“I think he found out a few years after Wilder was born, and that’s why he left,” I say. “Ronan has no idea. Or, if he does, he’s never said anything.”
Denver chews her lip. “I can’t imagine Finn ever cheating, though. He adores Helena.”
“I don’t think he did cheat,” I say. “I think they were all together and the pregnancy was a total surprise. There’s a chance my mom wasn’t even sure who my father was for a long time.”
She shifts closer and lowers her voice. “That means the McEwan legacy is yours. Not Ronan’s. You could be the head of the two most?—”
“I don’t want it.”
She releases a breath of a laugh. “You don’t want it?”
“No. Would you?” I ask, and she relaxes her shoulders. “A few years ago, I’d have lunged at it with both hands. To be a McEwan? Fuck. It was all I wanted. But …”
“Time and context,” she says, echoing our conversation about Wilder in the lift all those weeks ago. I nod. “And no one knows you suspect? Not even Finn?”
“No. It’s a conversation I’ll have one day, but not now. So, there’s my dirty family secret. Now you know something about me, you’re safe to talk about you. You don’t have to, but?—”
“Ranger manipulated me into killing my husband.”
I’m fairly sure my facial expressions go through something similar to Denver’s when I told her my secret, so she allows me a moment.
“Continue.”
She swallows. “Wyatt was cheating, with numerous women, but Ranger hired them. All of them. On my birthday,he took me into the basement, and Wyatt was on his knees. Ranger showed me the tapes of Wyatt fucking other women, and then also told me Wyatt was going to kill me. He’d upped the life insurance, even asked Cal to do it one night.”
“Fucker,” I whisper. “I don’t blame you for doing it, then.”
“It wasn’t true,” she says. “Wyatt wasn’t going to kill me, but Ranger knew I would’ve either let him live or at the very least forgive the cheating. Ranger didn’t want that. He wanted Wyatt out of the picture, so he orchestrated the whole thing. And I was angry. I was so angry, Colt. I was humiliated, hurt … and it was him or me, right?” She’s talking fast, maybe more to herself. “So, I took the gun and did it. I hated him for embarrassing me, lying to me, being everything he promised he’d never be. And then I fucked Ranger before my husband’s body was even cold.”

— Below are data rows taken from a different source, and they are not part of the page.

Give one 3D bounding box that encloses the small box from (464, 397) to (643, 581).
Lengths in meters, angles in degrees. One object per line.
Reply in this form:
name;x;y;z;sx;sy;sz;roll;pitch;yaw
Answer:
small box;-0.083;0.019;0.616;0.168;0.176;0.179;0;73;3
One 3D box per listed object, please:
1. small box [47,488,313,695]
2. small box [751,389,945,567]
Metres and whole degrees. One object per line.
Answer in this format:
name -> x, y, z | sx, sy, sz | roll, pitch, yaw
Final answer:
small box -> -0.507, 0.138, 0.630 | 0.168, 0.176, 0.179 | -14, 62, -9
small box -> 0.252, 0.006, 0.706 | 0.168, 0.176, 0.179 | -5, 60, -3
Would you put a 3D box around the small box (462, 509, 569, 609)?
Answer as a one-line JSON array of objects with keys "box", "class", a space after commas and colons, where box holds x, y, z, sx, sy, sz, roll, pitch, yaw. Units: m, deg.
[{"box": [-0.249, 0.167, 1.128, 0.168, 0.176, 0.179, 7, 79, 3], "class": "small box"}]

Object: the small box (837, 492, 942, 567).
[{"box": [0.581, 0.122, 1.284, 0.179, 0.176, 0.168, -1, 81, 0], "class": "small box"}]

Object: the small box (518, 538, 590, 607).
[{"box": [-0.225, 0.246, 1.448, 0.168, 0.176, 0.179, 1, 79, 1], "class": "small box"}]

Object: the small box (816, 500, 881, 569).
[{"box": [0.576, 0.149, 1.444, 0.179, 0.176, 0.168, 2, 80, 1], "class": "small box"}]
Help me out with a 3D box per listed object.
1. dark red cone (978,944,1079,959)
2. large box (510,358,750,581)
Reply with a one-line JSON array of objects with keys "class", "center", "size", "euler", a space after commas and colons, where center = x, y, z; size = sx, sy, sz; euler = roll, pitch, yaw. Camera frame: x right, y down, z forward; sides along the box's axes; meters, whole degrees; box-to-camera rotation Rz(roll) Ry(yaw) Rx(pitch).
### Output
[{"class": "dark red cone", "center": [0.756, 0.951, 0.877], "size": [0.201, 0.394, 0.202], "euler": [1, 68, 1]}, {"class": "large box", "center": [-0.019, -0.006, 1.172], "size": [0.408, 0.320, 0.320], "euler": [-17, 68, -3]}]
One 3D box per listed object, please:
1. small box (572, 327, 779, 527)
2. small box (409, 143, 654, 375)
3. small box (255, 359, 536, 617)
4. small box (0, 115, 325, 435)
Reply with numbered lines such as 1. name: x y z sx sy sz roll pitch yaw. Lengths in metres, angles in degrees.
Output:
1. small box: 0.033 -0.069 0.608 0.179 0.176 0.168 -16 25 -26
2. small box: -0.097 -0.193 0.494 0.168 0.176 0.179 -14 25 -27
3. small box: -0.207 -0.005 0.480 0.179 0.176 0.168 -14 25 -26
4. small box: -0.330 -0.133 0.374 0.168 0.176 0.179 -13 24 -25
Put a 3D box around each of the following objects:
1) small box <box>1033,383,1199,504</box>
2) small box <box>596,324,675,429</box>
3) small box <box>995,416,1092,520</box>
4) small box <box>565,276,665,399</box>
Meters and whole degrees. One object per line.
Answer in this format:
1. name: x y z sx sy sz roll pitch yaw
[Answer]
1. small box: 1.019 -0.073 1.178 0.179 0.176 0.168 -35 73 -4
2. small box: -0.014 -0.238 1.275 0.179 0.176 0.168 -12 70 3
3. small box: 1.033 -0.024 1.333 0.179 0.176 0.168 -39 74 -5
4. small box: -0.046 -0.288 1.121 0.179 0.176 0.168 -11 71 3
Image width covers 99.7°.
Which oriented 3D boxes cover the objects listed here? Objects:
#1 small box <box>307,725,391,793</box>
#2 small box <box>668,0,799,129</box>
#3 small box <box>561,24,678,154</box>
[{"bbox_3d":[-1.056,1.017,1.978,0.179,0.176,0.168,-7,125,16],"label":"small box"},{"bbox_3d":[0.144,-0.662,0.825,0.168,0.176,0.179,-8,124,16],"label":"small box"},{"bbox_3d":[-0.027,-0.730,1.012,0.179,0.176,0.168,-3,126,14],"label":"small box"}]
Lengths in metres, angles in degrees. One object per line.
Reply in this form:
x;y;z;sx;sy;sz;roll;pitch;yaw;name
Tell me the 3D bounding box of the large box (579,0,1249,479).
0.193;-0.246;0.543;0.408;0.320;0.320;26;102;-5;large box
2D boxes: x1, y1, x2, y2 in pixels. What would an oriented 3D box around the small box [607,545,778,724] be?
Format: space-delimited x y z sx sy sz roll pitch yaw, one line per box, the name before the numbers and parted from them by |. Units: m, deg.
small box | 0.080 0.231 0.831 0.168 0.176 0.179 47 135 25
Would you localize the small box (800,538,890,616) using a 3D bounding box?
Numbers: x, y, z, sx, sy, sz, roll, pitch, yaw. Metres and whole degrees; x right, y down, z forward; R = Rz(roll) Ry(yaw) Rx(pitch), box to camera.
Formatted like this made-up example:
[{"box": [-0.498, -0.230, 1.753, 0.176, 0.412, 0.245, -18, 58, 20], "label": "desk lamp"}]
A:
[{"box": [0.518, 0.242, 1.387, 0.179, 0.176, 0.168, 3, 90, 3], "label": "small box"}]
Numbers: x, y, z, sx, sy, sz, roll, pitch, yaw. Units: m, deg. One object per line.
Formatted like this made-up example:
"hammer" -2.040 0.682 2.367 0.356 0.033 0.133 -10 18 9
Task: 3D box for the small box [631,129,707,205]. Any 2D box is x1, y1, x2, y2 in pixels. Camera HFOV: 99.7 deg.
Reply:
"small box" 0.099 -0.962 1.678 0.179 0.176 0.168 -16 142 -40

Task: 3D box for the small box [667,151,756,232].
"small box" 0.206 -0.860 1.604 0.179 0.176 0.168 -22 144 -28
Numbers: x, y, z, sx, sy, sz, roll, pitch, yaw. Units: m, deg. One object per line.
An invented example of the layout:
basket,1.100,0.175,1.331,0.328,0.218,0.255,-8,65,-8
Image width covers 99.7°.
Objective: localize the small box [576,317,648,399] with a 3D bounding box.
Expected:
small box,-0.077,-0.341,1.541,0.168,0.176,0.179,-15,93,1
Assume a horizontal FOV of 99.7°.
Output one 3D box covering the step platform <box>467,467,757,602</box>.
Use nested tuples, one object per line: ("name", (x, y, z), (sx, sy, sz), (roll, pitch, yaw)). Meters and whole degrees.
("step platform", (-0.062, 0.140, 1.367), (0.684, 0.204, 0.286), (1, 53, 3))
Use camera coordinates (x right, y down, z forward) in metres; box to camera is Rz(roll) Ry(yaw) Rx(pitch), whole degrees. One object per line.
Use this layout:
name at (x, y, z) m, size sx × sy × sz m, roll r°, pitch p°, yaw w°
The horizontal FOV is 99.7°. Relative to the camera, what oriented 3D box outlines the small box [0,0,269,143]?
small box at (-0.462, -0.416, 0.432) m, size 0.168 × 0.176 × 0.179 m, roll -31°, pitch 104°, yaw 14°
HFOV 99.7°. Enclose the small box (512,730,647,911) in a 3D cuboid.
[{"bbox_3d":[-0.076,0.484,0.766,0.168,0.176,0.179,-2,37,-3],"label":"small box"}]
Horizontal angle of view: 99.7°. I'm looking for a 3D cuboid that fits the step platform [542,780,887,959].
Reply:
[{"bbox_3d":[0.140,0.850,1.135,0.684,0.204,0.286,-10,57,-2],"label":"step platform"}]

I make a strange humming sound. “A lot to unpack.”
But it isn’t over.
“And I ran. Who wouldn’t run? Ranger thought he had me. I didn’t have Wyatt as an excuse to keep my distance. I bolted. Ran for my fucking life. But then I came back, and people died, and there was all this mess!” She shakes her hands above her head, but the words keep coming. “Then I was being interrogated by the police, offered deals to get out, but I’m not a rat. I wasn’t going to do that to Ranger. And bit by bit, day by day, I wore myself down because I love him. He’d sunk his teeth into me.” She curls her fingers as if she’s squeezing an imaginary pillow. “And then I found out the will was a lie. My dad didn’t want me with Ranger, that was his worst fucking nightmare, and Ranger admitted he’d been using me, but that he’d fallen in love with me.”
I wonder if I should be making notes.
“So … I stayed. I married him. Because right or wrong, I thought I belonged with him. He said I could be great. I could be Deluxe. Powerful. Feared. And then the moment I got even a taste of it? He fucks my casino deal.”
“Ranger did that?”
She nods rapidly. “Fucked the sale for me. Almost cost me my relationship with the Laus. And when I told him I couldn’t come home, that I needed space, that he kept breaking me, he said that’s what love is.” Her quick-fire anger and words fizzle out quickly, like she’s deflating in front of me. “So, you see what I mean when I say it isn’t only love? It’s obsession.”
“It sounds more like possession.”
She meets my eyes, but whatever she was going to say doesn’t materialize. She leans her shoulder into the cushion.
“Do you want my opinion?”
She sighs. “No, but yes.”
“Your marriage is a nightmare.”
Denver’s laugh is loud, and she leans forward, her forehead pressing into my shoulder as she chuckles. “You think? And now I have to call him and say I almost died, but please don’t come and get me.”
“Get you?”
She sits up again. “He said I either go home or he’ll come out here and get me.”